When Do You Use Direct vs. Indirect Heat?
- Direct Heat: Cooking directly over the flames. The exterior of foods will char quickly, so think small. Petite or thin pieces of meat or vegetables that cook quickly over high temperatures. Direct heat is also great for steaks, chicken breasts, veggies and fish fillets.
- Indirect: Cooking slightly away from the flames, where temperatures are lower. Here, you should think big! Indirect heat imparts delicious flavor, sometimes over hours of cooking time. Think large pieces of meat, such as ribs, brisket or whole birds.
How to Prepare a Charcoal Grill for Direct Heat
Spread preheated coals in an even layer. Or, for better control, arrange the coals to create a hot zone, a medium zone and a cool zone. Accomplish this by raking coals into a double layer in one third of the grill, a single layer in another third, and by keeping them out of the final third entirely. Use the hot zone for searing, the medium for cooking, and the cool zone for resting food once it’s done cooking.
How to Prepare a Charcoal Grill for Indirect Heat
Bank half of the hot coals on one side of the grill and the other half on the other side. Place a foil drip pan in the center of the grill. Replace the cooking grate and place the meat over the drip pan. Cover and grill according to recipe directions.
How To Grill in Foil Packets
Make individual servings of seasoned meats and vegetables on the grill with foil packets.
To make the packets: Center one serving on a double thickness of heavy foil. Bring sides of foil together and double fold with 1-inch folds, making sure to leave room for heat circulation at the top. Double fold the ends with 1-inch folds. After the foil packets are grilled, open both ends to let the steam escape and then open the top of each packet.
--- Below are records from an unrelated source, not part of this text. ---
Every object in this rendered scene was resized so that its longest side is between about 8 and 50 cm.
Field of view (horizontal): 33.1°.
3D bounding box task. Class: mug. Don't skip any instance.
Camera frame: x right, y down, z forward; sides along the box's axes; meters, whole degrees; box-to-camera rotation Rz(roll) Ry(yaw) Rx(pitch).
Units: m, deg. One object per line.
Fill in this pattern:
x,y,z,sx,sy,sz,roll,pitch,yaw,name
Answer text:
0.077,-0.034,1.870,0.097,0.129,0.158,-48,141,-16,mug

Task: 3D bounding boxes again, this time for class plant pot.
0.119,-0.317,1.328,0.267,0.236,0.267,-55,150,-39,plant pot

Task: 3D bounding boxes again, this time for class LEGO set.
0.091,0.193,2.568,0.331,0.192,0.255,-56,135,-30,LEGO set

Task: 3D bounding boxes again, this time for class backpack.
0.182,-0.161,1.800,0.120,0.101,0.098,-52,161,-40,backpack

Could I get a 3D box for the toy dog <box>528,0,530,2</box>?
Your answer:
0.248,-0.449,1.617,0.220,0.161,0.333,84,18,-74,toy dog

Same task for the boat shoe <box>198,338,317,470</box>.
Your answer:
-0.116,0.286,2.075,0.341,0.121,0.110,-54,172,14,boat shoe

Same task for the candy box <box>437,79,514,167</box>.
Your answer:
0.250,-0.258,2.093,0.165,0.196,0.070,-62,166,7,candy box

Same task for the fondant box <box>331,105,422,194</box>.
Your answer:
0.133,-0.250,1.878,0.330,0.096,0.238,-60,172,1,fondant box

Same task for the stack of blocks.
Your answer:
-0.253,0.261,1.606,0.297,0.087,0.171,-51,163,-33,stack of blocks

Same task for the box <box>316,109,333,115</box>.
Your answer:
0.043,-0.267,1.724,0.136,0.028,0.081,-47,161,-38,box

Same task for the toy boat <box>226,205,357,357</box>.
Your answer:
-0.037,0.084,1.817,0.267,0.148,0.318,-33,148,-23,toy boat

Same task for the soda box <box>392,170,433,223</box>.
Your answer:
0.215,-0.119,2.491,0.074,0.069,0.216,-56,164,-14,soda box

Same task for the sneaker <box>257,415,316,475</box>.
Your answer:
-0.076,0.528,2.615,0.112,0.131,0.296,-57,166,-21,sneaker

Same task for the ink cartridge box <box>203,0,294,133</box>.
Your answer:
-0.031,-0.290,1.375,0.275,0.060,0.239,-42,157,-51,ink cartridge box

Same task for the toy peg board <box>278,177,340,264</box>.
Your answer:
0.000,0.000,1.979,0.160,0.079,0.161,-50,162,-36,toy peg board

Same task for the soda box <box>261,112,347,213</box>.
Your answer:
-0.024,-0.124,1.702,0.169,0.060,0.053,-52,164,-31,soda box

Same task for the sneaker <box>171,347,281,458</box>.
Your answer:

Serve food out of packets or spoon onto plates.
How to Grill with Wood Chips
1. Place the soaked wood chips on a large piece of heavy-duty foil.
2. Bring up two edges over the center of chips and fold down twice.
3. Fold the side edges over twice.
4. Poke holes in top of packet with a knife or long handled fork and place on the grill.
How to Clean a Grill
Clean the food grate with a stiff wire brush after cooking—the residual heat will help remove food residue.